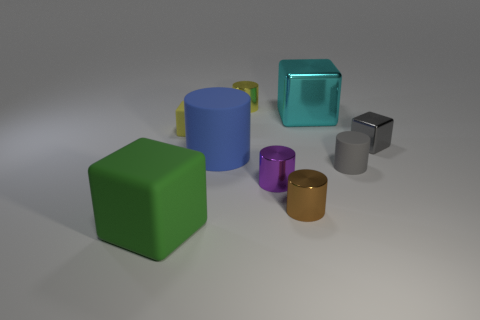How many green shiny things have the same shape as the small yellow metal thing?
Provide a succinct answer. 0. How many objects are either cylinders that are left of the tiny yellow cylinder or small gray things in front of the tiny gray metallic thing?
Make the answer very short. 2. What material is the tiny cylinder behind the small rubber thing that is in front of the object on the right side of the tiny rubber cylinder?
Offer a very short reply. Metal. Is the color of the rubber object that is in front of the brown thing the same as the tiny matte cylinder?
Give a very brief answer. No. What is the material of the cube that is in front of the large cyan object and on the right side of the large blue rubber thing?
Provide a succinct answer. Metal. Is there a cyan cube that has the same size as the gray cube?
Keep it short and to the point. No. How many large cyan cubes are there?
Offer a terse response. 1. How many small yellow shiny cylinders are in front of the gray metal block?
Provide a short and direct response. 0. Is the big green block made of the same material as the brown object?
Ensure brevity in your answer.  No. What number of small metallic things are to the right of the tiny purple metal cylinder and to the left of the tiny metallic cube?
Provide a succinct answer. 1. 
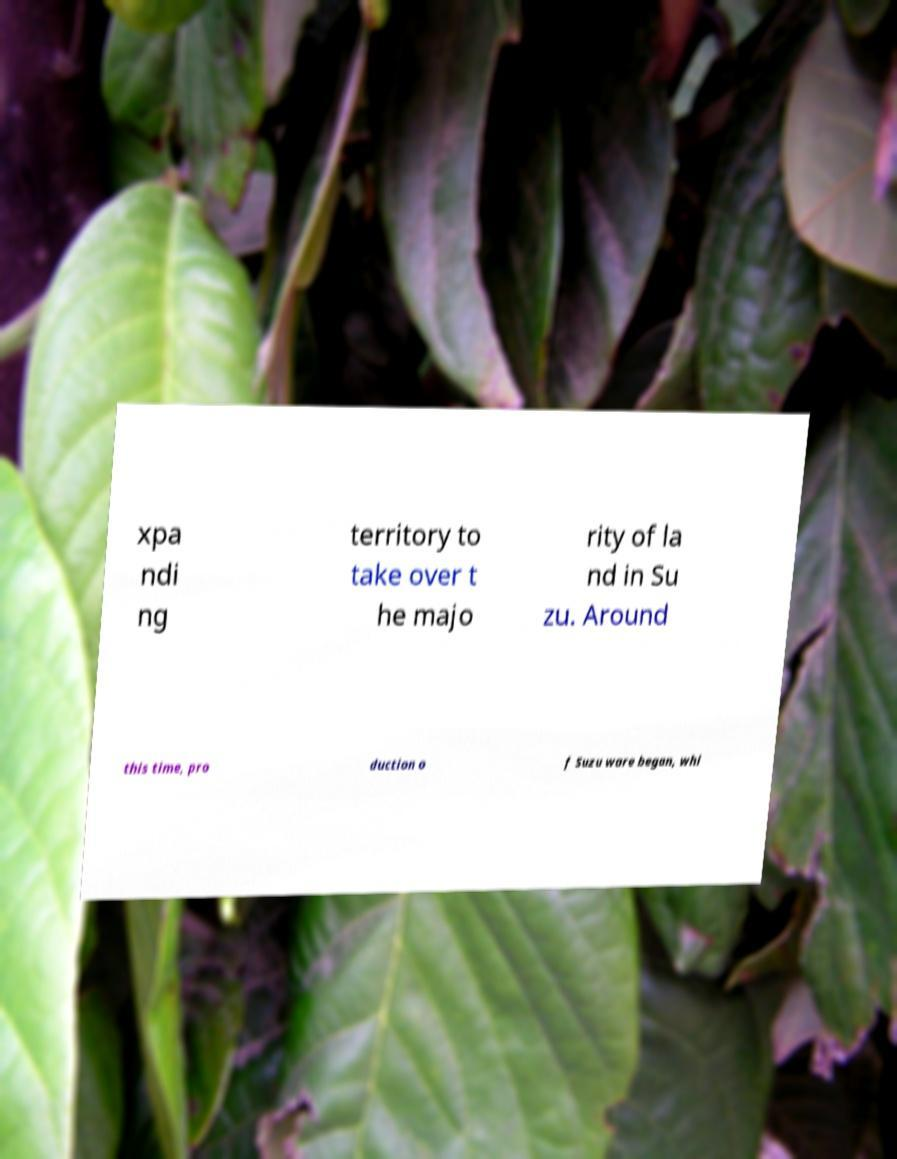Could you extract and type out the text from this image? xpa ndi ng territory to take over t he majo rity of la nd in Su zu. Around this time, pro duction o f Suzu ware began, whi 
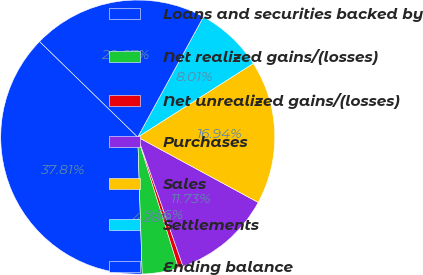Convert chart. <chart><loc_0><loc_0><loc_500><loc_500><pie_chart><fcel>Loans and securities backed by<fcel>Net realized gains/(losses)<fcel>Net unrealized gains/(losses)<fcel>Purchases<fcel>Sales<fcel>Settlements<fcel>Ending balance<nl><fcel>37.81%<fcel>4.28%<fcel>0.56%<fcel>11.73%<fcel>16.94%<fcel>8.01%<fcel>20.67%<nl></chart> 
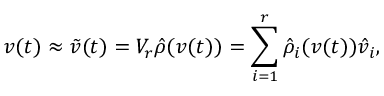Convert formula to latex. <formula><loc_0><loc_0><loc_500><loc_500>v ( t ) \approx { \tilde { v } } ( t ) = V _ { r } { \hat { \rho } } ( v ( t ) ) = \sum _ { i = 1 } ^ { r } { \hat { \rho } } _ { i } ( v ( t ) ) { \hat { v } } _ { i } ,</formula> 
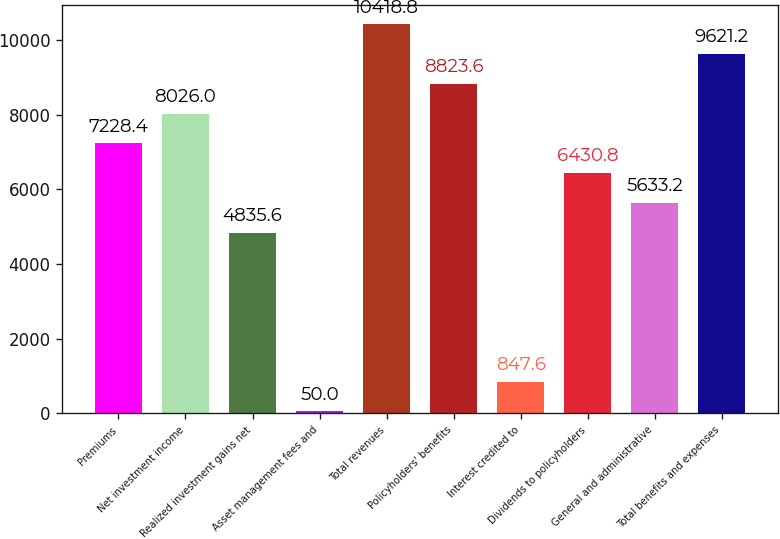<chart> <loc_0><loc_0><loc_500><loc_500><bar_chart><fcel>Premiums<fcel>Net investment income<fcel>Realized investment gains net<fcel>Asset management fees and<fcel>Total revenues<fcel>Policyholders' benefits<fcel>Interest credited to<fcel>Dividends to policyholders<fcel>General and administrative<fcel>Total benefits and expenses<nl><fcel>7228.4<fcel>8026<fcel>4835.6<fcel>50<fcel>10418.8<fcel>8823.6<fcel>847.6<fcel>6430.8<fcel>5633.2<fcel>9621.2<nl></chart> 
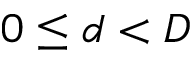<formula> <loc_0><loc_0><loc_500><loc_500>0 \leq d < D</formula> 
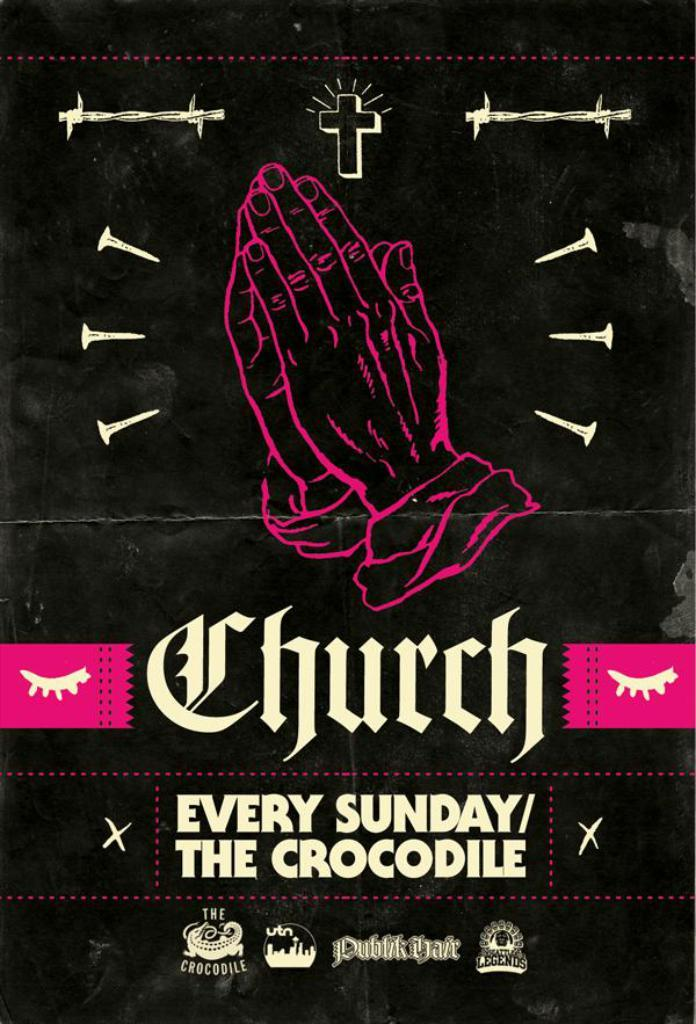<image>
Provide a brief description of the given image. Hands together in prayer on a sign about church every Sunday.

====

Pictures are to be left out when the lines from the one containing "investment income<fcel>Realized investment" through the end of the records above are repeated exactly; no other line is wanted.

<chart> <loc_0><loc_0><loc_500><loc_500><bar_chart><fcel>Premiums<fcel>Net investment income<fcel>Realized investment gains net<fcel>Asset management fees and<fcel>Total revenues<fcel>Policyholders' benefits<fcel>Interest credited to<fcel>Dividends to policyholders<fcel>General and administrative<fcel>Total benefits and expenses<nl><fcel>7228.4<fcel>8026<fcel>4835.6<fcel>50<fcel>10418.8<fcel>8823.6<fcel>847.6<fcel>6430.8<fcel>5633.2<fcel>9621.2<nl></chart> 
<formula> <loc_0><loc_0><loc_500><loc_500>0 \leq d < D</formula> 
<image>
Provide a brief description of the given image. Hands together in prayer on a sign about church every Sunday.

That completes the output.